According to Oehmcke, the most popular VR games are made ‘for core gamers foremost.’According to Oehmcke, the most popular VR games are made ‘for core gamers foremost.’
“We’ve had a lot of success by focusing on areas of the games that are unique to VR and important to core VR gamers. To put it another way, executing the game flawlessly is usually preferable to adding more content.”
So, where does virtual reality go from here? Thanks to next-gen console power, innovations and improvements in mobile technology, and lag-free streaming, Oehmcke believes we’ll continue to see “rapid progression.” Hand and finger tracking will most likely improve as well.
But, perhaps NDreams expects lower prices, making VR more accessible to a wider range of gamers.
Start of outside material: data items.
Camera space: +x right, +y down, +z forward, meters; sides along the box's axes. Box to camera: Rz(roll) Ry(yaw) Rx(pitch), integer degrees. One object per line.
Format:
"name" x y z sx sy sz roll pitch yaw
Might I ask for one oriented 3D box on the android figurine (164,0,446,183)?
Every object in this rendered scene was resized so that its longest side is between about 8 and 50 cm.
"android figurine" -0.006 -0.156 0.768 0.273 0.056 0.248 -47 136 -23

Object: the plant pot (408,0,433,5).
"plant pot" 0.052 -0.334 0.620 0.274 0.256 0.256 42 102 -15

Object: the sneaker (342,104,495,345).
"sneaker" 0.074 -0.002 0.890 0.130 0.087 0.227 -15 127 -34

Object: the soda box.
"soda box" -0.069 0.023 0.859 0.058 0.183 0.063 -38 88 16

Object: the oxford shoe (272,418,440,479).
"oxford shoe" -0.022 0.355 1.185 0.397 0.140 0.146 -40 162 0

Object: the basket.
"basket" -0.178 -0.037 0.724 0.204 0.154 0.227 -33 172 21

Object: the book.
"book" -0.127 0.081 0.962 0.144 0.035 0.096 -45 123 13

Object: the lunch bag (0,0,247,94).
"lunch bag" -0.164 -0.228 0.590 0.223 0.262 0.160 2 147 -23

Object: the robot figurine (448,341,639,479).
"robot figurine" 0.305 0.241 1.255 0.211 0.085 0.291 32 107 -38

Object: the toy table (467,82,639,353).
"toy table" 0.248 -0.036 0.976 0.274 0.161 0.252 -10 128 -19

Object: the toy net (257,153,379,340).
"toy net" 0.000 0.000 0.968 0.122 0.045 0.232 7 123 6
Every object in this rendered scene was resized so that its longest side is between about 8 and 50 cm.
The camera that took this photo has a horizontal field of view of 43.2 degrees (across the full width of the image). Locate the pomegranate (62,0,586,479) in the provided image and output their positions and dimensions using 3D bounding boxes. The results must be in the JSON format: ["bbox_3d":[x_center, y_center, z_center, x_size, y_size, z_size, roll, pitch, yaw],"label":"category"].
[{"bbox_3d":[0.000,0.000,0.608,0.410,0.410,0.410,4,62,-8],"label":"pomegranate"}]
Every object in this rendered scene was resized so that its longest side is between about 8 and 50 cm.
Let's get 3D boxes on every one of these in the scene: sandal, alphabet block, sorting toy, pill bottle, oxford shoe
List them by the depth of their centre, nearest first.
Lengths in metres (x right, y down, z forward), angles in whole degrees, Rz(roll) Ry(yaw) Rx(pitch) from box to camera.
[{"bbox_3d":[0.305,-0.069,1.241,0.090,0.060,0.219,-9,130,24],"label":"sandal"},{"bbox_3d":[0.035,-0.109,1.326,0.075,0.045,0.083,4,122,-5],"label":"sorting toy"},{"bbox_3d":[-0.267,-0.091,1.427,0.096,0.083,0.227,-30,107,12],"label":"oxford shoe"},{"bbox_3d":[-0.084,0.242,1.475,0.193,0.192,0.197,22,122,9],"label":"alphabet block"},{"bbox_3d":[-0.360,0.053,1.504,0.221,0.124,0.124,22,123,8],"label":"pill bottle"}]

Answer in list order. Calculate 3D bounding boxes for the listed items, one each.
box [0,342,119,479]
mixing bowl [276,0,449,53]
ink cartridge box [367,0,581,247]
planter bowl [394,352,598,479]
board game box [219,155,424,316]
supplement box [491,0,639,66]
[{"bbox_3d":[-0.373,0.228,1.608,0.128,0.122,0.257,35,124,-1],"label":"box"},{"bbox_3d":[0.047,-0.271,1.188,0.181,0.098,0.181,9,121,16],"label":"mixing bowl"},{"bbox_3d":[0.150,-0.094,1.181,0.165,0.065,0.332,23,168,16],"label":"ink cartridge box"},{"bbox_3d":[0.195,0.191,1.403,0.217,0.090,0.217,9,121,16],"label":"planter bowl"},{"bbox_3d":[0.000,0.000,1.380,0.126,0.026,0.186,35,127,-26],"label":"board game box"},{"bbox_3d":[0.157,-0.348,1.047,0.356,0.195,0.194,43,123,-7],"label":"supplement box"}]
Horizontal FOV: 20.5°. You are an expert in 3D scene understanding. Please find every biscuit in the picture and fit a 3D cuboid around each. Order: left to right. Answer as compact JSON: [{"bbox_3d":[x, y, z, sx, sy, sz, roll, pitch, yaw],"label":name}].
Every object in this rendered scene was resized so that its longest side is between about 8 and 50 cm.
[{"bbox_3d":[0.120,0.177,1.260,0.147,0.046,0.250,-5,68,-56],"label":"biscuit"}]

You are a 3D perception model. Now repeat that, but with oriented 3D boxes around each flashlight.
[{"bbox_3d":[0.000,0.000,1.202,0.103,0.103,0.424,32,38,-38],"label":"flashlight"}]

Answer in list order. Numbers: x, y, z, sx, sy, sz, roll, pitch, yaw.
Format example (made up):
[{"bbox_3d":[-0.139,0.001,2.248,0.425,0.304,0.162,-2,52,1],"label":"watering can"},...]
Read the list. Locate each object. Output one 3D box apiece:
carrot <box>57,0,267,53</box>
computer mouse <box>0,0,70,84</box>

“At a more affordable price point, you’ll get higher quality, more accessible VR,” Oehmcke concludes. “And I believe we are much closer to achieving this than most people realize.
“So-called thought leaders have always predicted that VR’s moment is ‘just around the corner,’ but as a studio, we’ve always taken a more cautious approach. However, the signs of this happening are becoming more visible now.
OPMDiscover more jobs in the game “F” OPMDiscover more jobs in the game “F” Fantastic VR-first experiences that truly make the most of what both platforms are now and can be are critical. All of this is currently possible in virtual reality, as long as they built games from the ground up with VR in mind.
“VR is already incredible, attracting millions of players and bringing success to VR developers, and the best part is that it is already the future. And starting your virtual reality journey now will only pay off in the future.”
Virtual Reality, Augmented and Artificial Intelligence 2021 specialist Amit Caesar wrote the article.